▶ **Exercise aim**
Except for images, print the whole listing verbatim.

▶ **Dataset section**
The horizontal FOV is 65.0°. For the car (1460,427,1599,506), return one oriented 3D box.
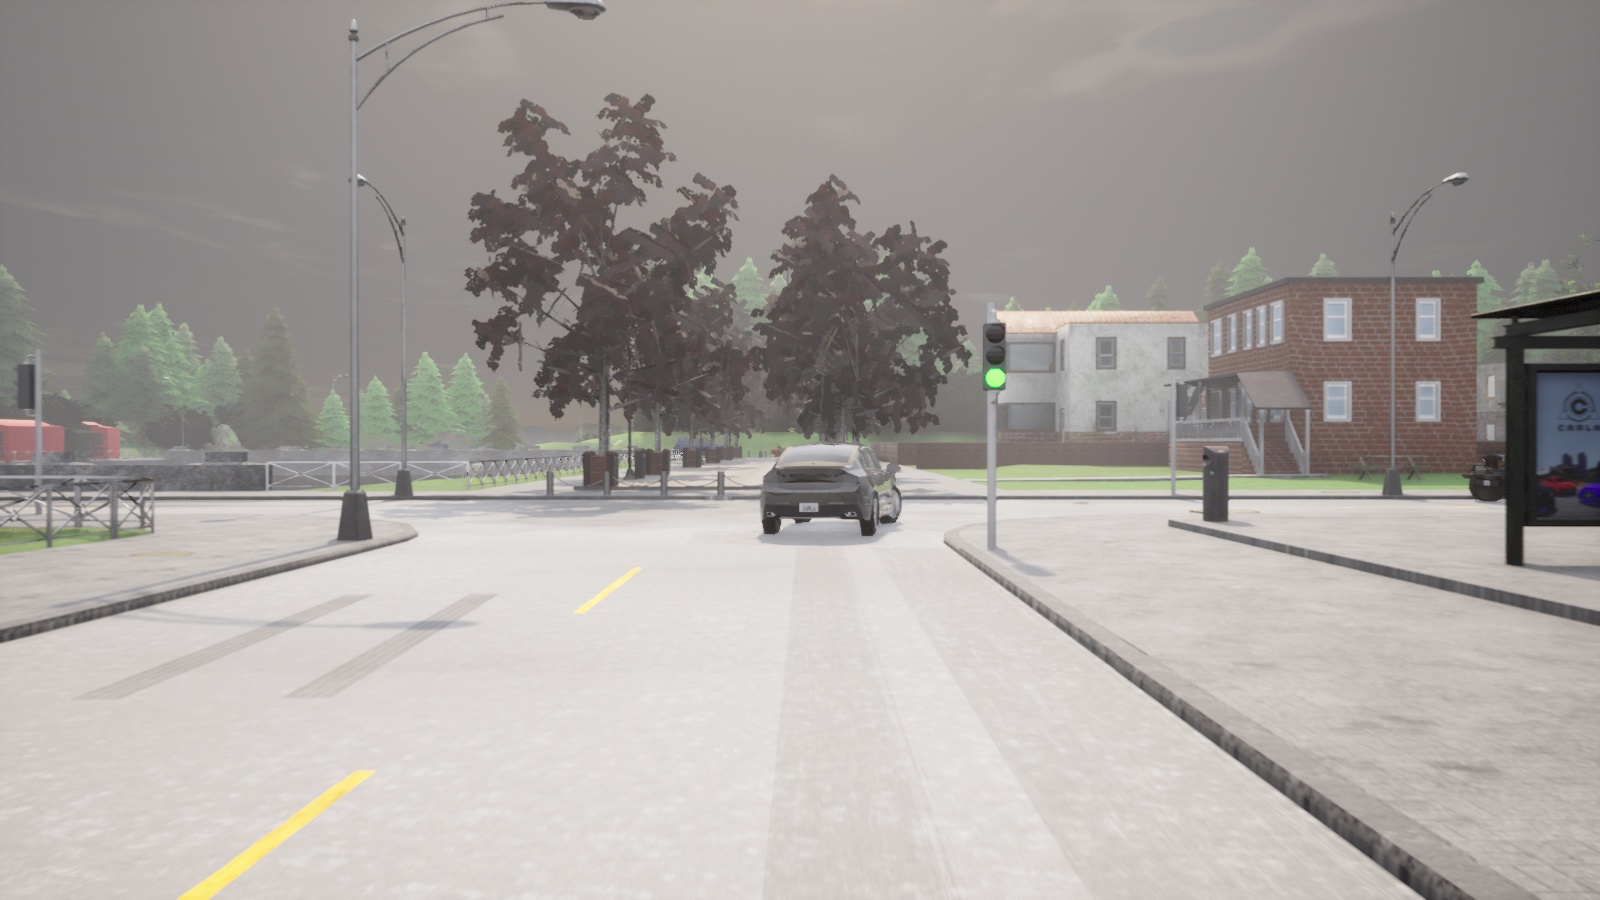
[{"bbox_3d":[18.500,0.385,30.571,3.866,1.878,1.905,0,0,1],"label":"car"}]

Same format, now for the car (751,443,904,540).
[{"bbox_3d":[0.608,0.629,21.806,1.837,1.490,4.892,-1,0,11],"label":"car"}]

▶ **Answer for this exercise**
The horizontal FOV is 65.0°. For the car (1460,427,1599,506), return one oriented 3D box.
[{"bbox_3d":[18.500,0.385,30.571,3.866,1.878,1.905,0,0,1],"label":"car"}]

Same format, now for the car (751,443,904,540).
[{"bbox_3d":[0.608,0.629,21.806,1.837,1.490,4.892,-1,0,11],"label":"car"}]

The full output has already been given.